被皆空那麽一打岔,他提劍的那兩分興致,也統統散了個幹凈。

“是來殺你的不錯。”

舒遙疏懶道:“盡管你不想聽,該聽的話,也要給我聽下去。”

皆空:“……”

死亡真的好難。

大家都是成熟的修行者了,幹脆利落抹脖子有什麽不好嗎?

舒遙說:“有件事情,我想你必須知道。”

他經雷霆反噬和昨天那一番折騰,正是沒力氣的時候,說話也懶洋洋的,無精打采,提不起精神。

卻沒人敢小覷他。

不止是因為綺麗顏色,咄咄逼人,更是舒遙那個人明明立在眼前,卻好似游離在天道之外。

仿佛不受束縛,跳脫三千世界,億萬眾生。

又仿佛他就是束縛本身。

舒遙笑了笑。

他笑得很冷,笑意未至眼底:“雷霆之主,是我。”

“近在眼前的一場是我,萬年之前的一場也是我。”

“你們六道寺,無論哪一輩子,跳著說要除魔時比誰跳得都高,隱世時比萬年烏龜更像王八。你們是仙道六宗裏,最沒資格殺我的那一個。”

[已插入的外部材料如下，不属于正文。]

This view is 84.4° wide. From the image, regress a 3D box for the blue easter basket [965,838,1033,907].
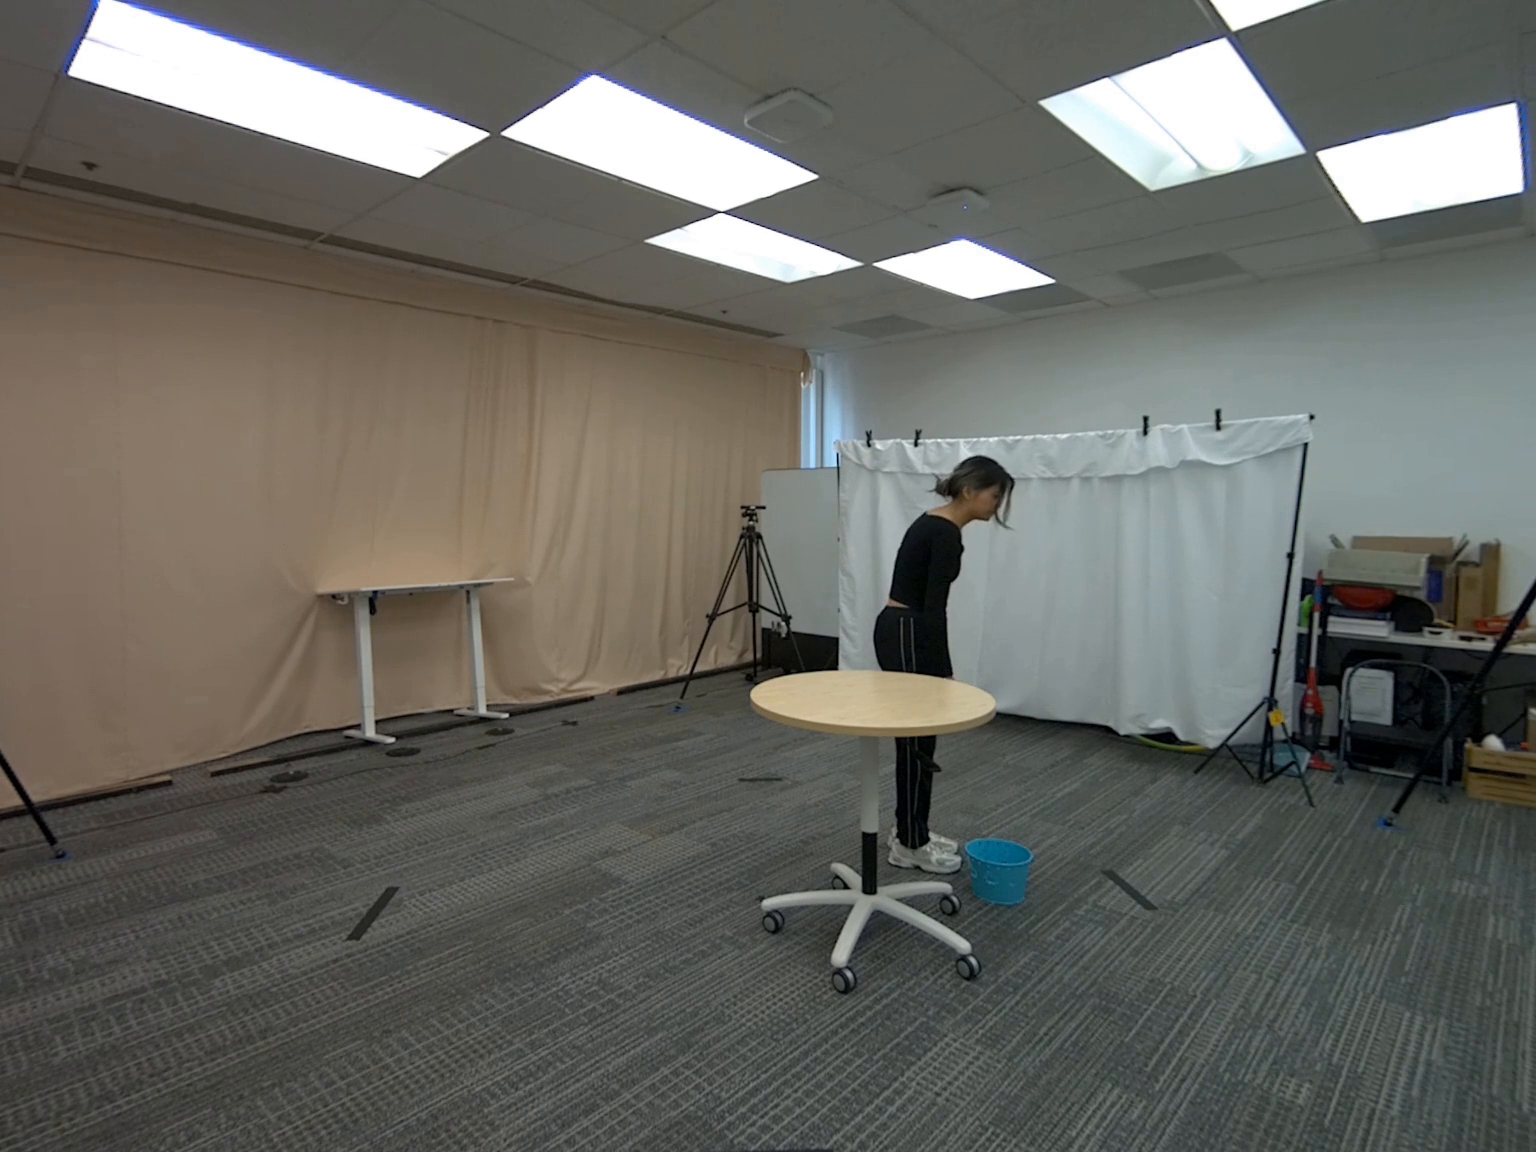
[{"bbox_3d":[0.834,1.060,3.021,0.243,0.155,0.244,0,4,-2],"label":"blue easter basket"}]

舒遙好整以暇,親眼見著皆空神情隨著他吐出一字,便崩裂一分。

到最後,心如死灰,萬籟俱寂。

當然這不要緊。

反正皆空已經心如死灰過很多次,都快成習慣了。

舒遙微微向上挑了挑唇角:“你們再看不順眼我也沒用。”

他向上指了指:“上面有我的靠山在。”

仿佛是為了響應舒遙的話,給這群不知好歹的和尚一個教訓,雷霆貫穿上下萬裏,九重疊雲,疾落而下!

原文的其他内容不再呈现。